Обнажённое тело войны

Шёл десятый послевоенный мирный год. Видя мои мучения при купании в тазу, отец произнёс тоном, не требующим возражения:

– В субботу пойдёшь  со мной в городскую баню. Вместе будем париться.

И, немного помолчав, добавил:

– Пора тебе становиться мужиком.

Что такое баня, я  имел представление. Каждую субботу бабушка и моя мать, взяв из дома тазики, уходили мыться в баню. Вымыться полноценно в доме  не было никакой возможности. Отсутствовала не только горячая вода, как и в большинстве квартир города, но не было даже  холодной, которую для бытовых нужд носили вёдрами из водоразборных колонок, утыканных в большом количестве по всем улицам и переулкам.

После бани мать и бабушка возвращались сильно раскрасневшиеся.  Влажные волосы они укутывали чистыми полотенцами, которые в свёрнутом на голове виде напоминали чалму из турецких сказок. К их возвращению дед обычно налаживал самовар, водружал его на стол, и наступал ритуал вечернего чаепития. Кусковой сахар кололи специальными щипчиками. Чай наливали в блюдце и, держа блюдце на кончиках пальцев, откусывая понемножку сахар, запивали его ароматным и душистым напитком.

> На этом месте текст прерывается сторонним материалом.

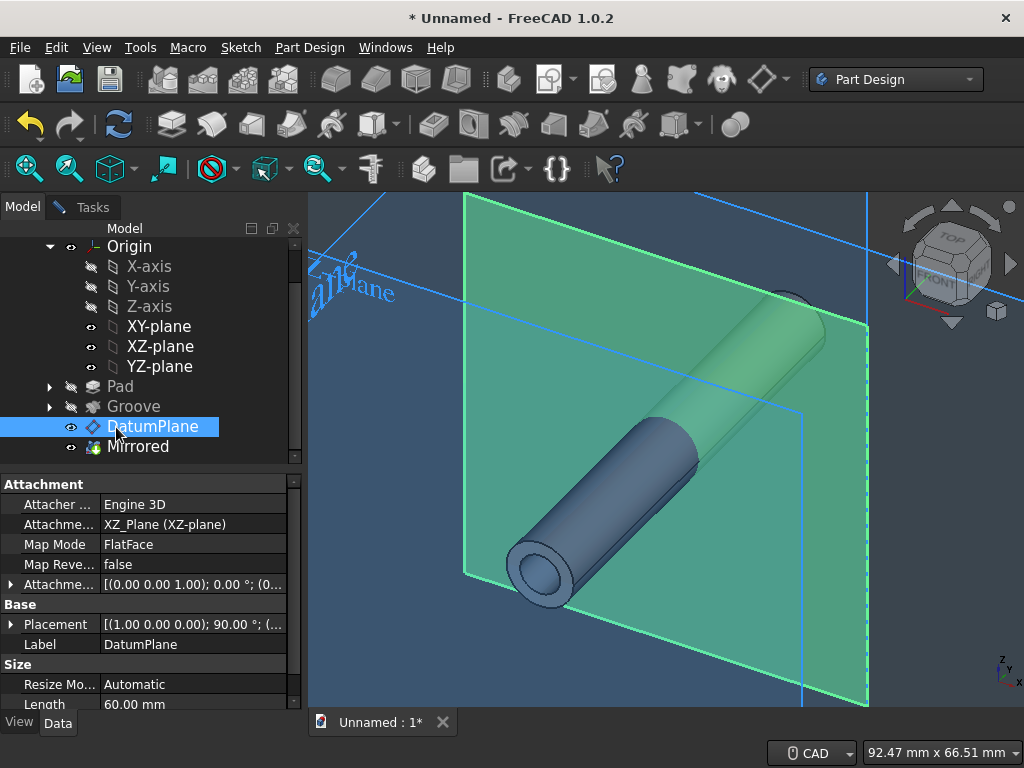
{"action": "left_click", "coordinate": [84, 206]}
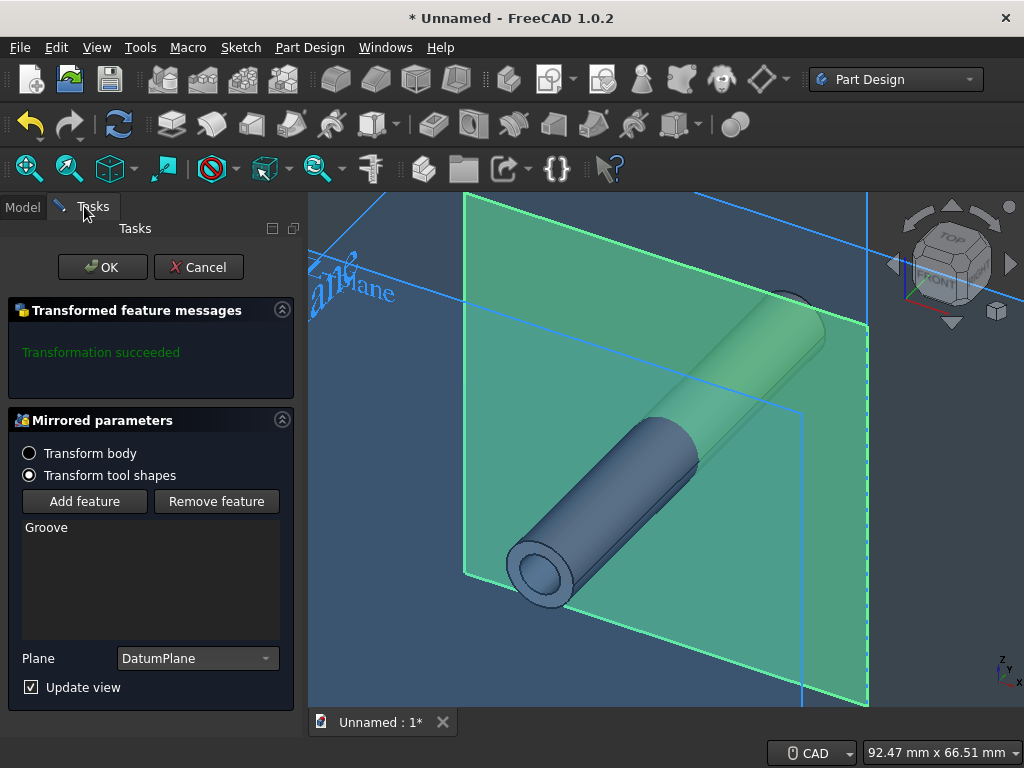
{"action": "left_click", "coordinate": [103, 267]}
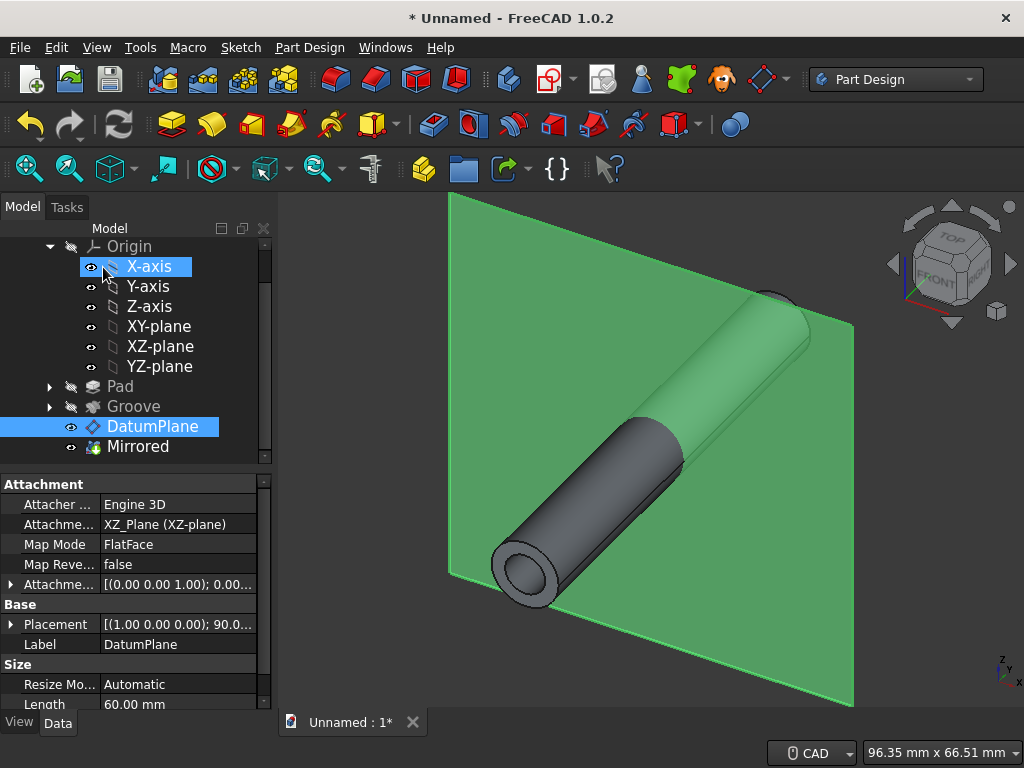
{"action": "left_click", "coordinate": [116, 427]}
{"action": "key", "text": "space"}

Так что про баню мне – шестилетнему  малышу – было немного известно, про парилку я смутно догадывался, а вот как из меня будут делать мужика и чем это обернётся  – не предполагал.

1956-58 годы. Отец и сын Харитоновы

И вот в субботу, ближе к вечеру (тогда суббота  была ещё рабочим днём), мы с отцом отправились в баню. Её здание стояло в Фабричном переулке. Одно из помещений типа прямоугольного барака было приспособлено для мужчин, второе  – такое же одноэтажное помещение –  являлось женским отделением.

В небольшом предбаннике 10-15 мужиков, сидя на лавках, установленных вдоль стен, нещадно дымили самокрутками с  крепчайшей  махоркой. Одеты  все были  по-простому: телогрейки, пиджаки с байковыми рубахами.  Брюки из дешёвой ткани у большинства заправлены в кирзовые или хромовые сапоги. Каждый имел небольшой узелок с чистой одеждой. Такой же нехитрый узелок был и у нас с отцом.

Покуривая, мужики неспешно переговаривались, ожидая своей очереди для прохода в раздевалку.  Вскоре в раздевалку прошли и мы с отцом. Заняв свободное место и наскоро раздевшись (хотелось как можно быстрей оказаться во взрослой бане), я, держась за отцову руку и стараясь не поскользнуться на мокром полу, проследовал в помывочное отделение. Из-за лёгкого тумана, который накрывал всю мойку, глаза некоторое время привыкали к обстановке, отыскивая свободное место на каменных лавках. Для меня, впервые попавшего в баню, все было интересно. И краны с деревянными  большими ручками, под которыми отец наполнил себе и мне дюралевые тазы тёплой водой. И душевые отсеки, в которых постоянно  без ограничения лилась вода. Распаренные мужики с клубами пара вываливались из парилки (я правильно предугадал её назначение) и становились под холодную воду в душе. С гиканьем, с каким-то диким восторгом и азартом они обливали свои раскрасневшиеся  тела холодной водой и вновь мчались в парилку, в клубы пара.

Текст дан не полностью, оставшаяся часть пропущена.